A:TSMCは業界最大のレチクルサイズのパッケージングを提供している。そして確かに、我々の競合他社も非常に魅力的な技術を提供していることは理解しており、我々はそれを歓迎している。そうすることで顧客はより多くの選択肢を持ち、我々は顧客とより多くのビジネスができるからである。それが我々の姿勢である。しかし、我々はどんなビジネスも取り残さないように、顧客の全ての需要に応えるために非常に努力している。我々はまた、非常に大きな3Dパッケージング技術を開発中であり、全ての顧客と協力しており、今のところ順調に進んでいる。
設備投資増額に際してEUVなどの装置をきちんと入手できるのか?
Q:長期的な設備投資計画について伺いたい。2021年に経営陣は非常に強い需要を背景に3年間の設備投資ガイダンスを1000億米ドルとした。TSMCは、それを上回る投資をしようとしているようだが、現在、製造設備の供給は非常に逼迫している。昨日、ASMLは好業績を報告した。EUVの供給逼迫が問題となりうるが、経営陣は投資家にある種の長期的な設備投資ガイダンスを提供するつもりはあるのか?

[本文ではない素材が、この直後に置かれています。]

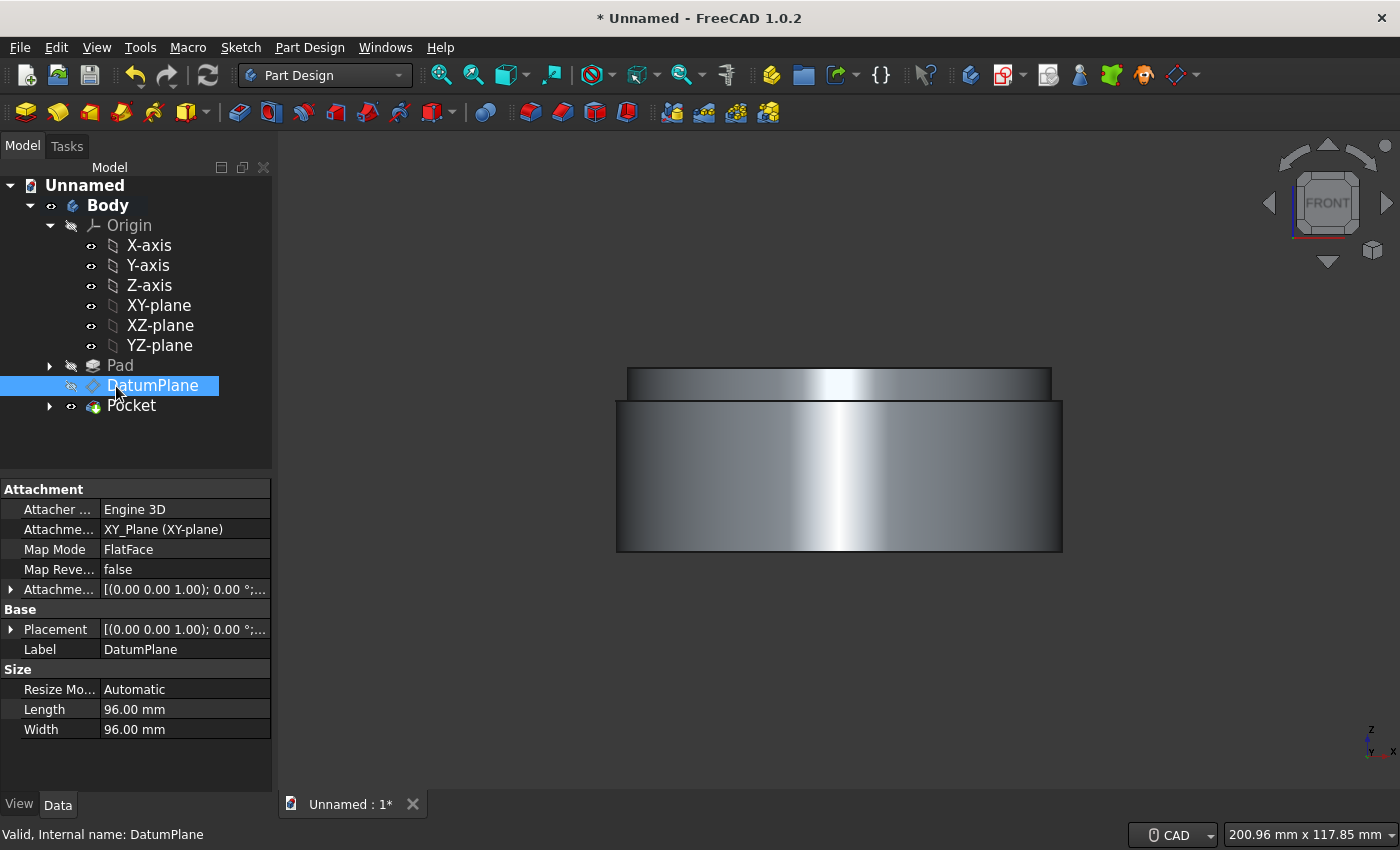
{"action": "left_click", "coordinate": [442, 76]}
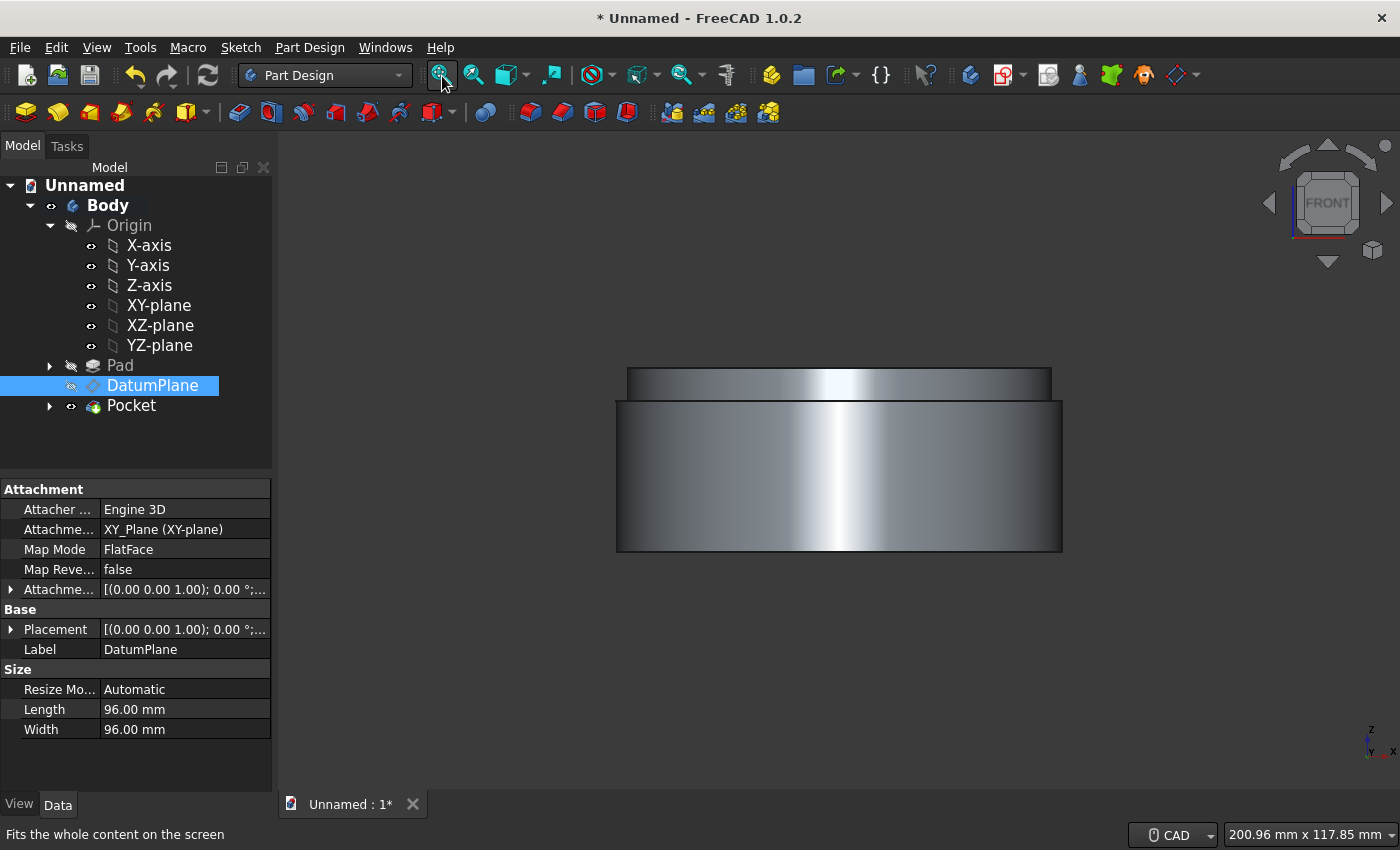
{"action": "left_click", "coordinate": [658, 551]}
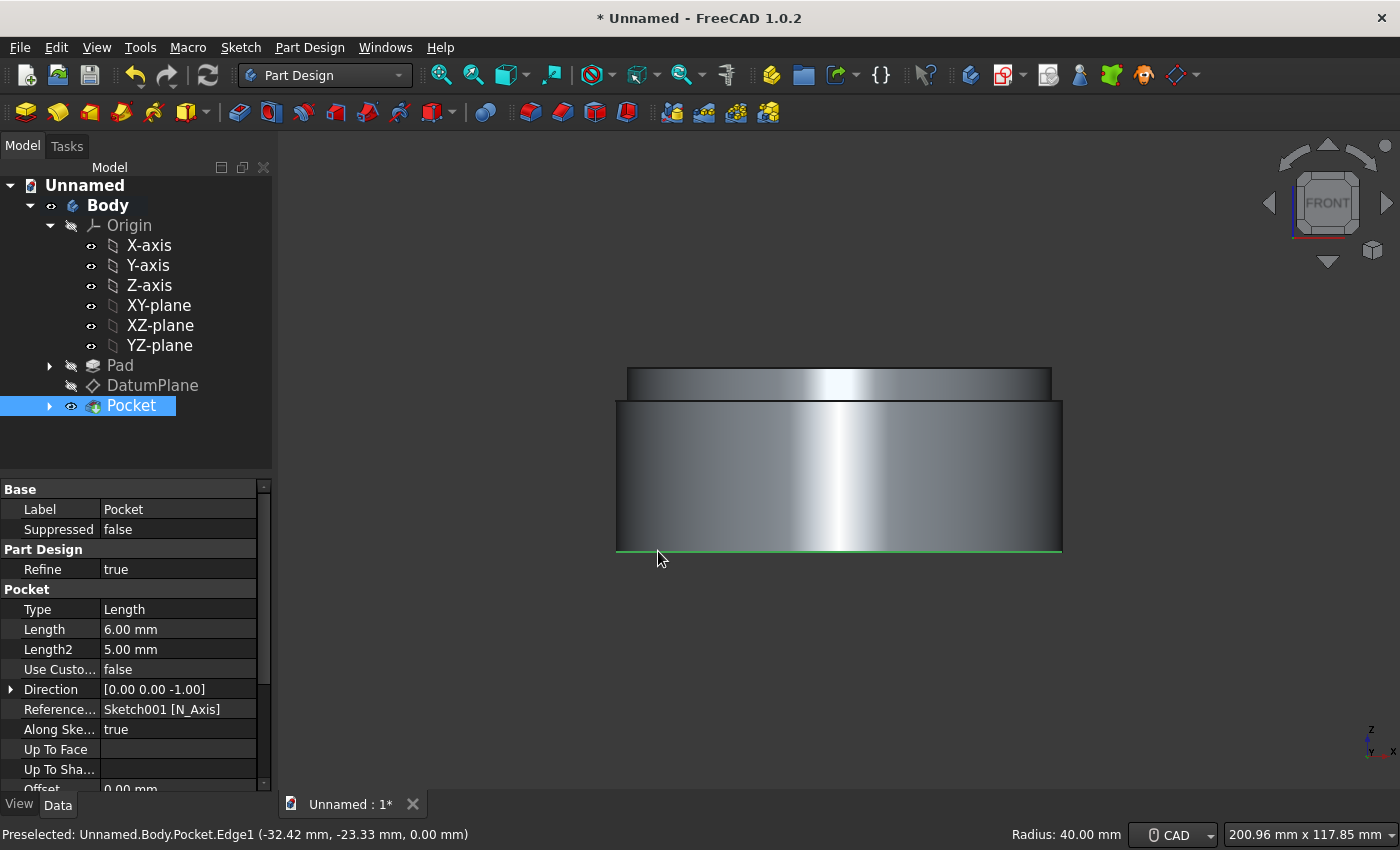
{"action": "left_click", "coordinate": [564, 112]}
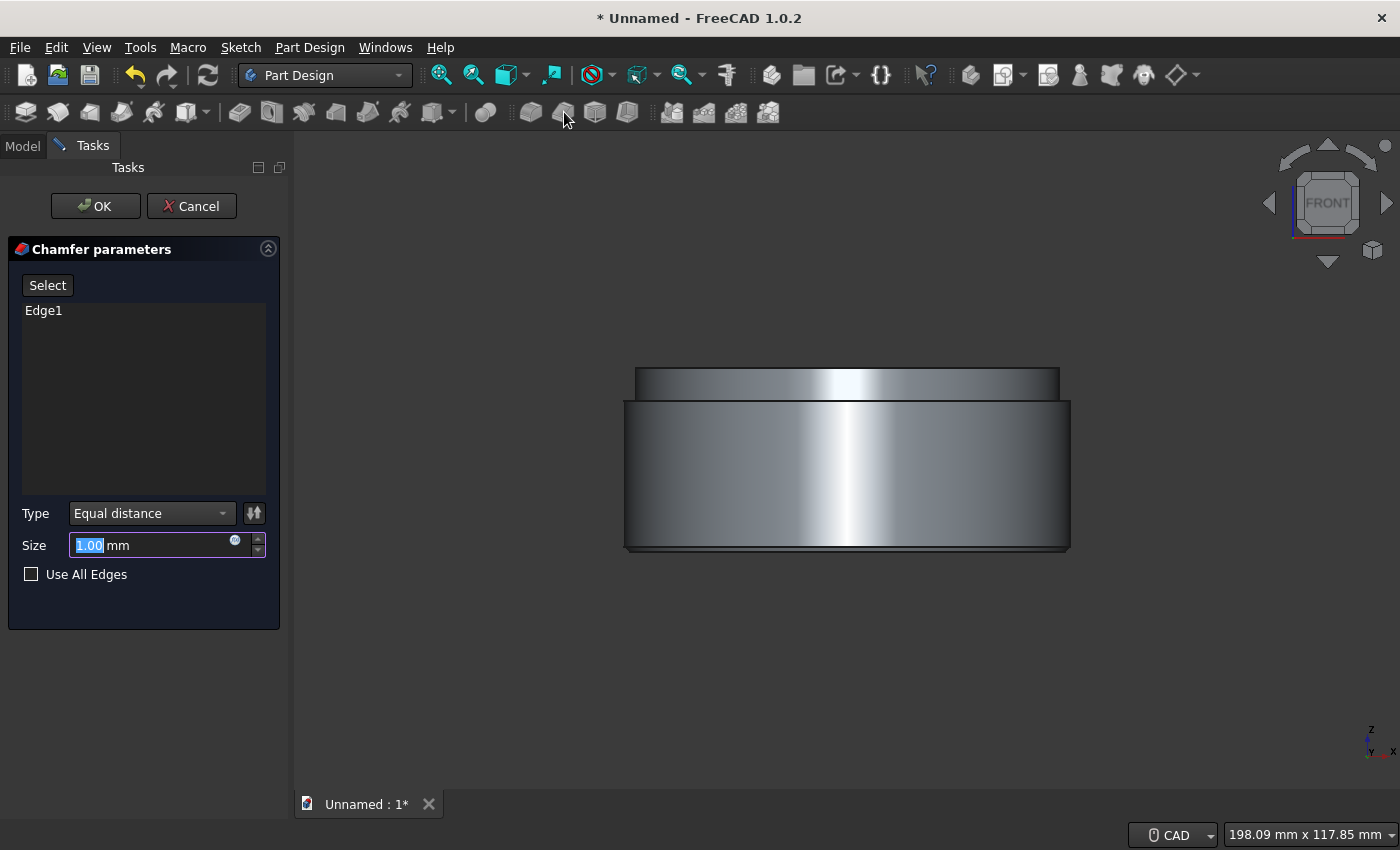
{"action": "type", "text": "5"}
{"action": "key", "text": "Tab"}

A:過去3年間で我々の総設備投資額は1010億米ドルだった。今年は既に設備投資が高水準である560億米ドルに向かっており、これは過去3年間の総額の50%以上に相当する。だから、我々はAIのメガトレンドに強い確信を持っている。今後数年間、今後3年間の設備投資は過去3年間を大幅に上回ると予想している。具体的な数字は明らかにできない。
我々は常にTSMCの文化として、サプライヤと密接に協力している。なぜなら我々は彼らをパートナーと見なしているからである。だから、我々は特にASML、Applied Materials、Lam Researchなどと引き続き協力している。今のところ、彼らのサポートには非常に満足している。
年間成長率は30%を超えるか?
Q:供給逼迫が続いているようなので、年間売上高成長率を今までの予測の 30%から上振れが可能だろうか?また、この時点で、消費者の最終需要、ひいては5GやPCからの需要に何らかの影響が出ているか?
A:メモリ価格の上昇は確かに価格に敏感な最終市場、特にPCやスマートフォン市場に影響を与えている。しかし、市場が少し軟化しているのも事実であるが、ハイエンドスマートフォンは引き続き好調で、これはTSMCにとって有利である。そして、30%以上の前成長率についてどれほど上振れするかについては、 3ヵ月後の7月に再度発表する。その時にはより正確な数字を伝えることができるだろう。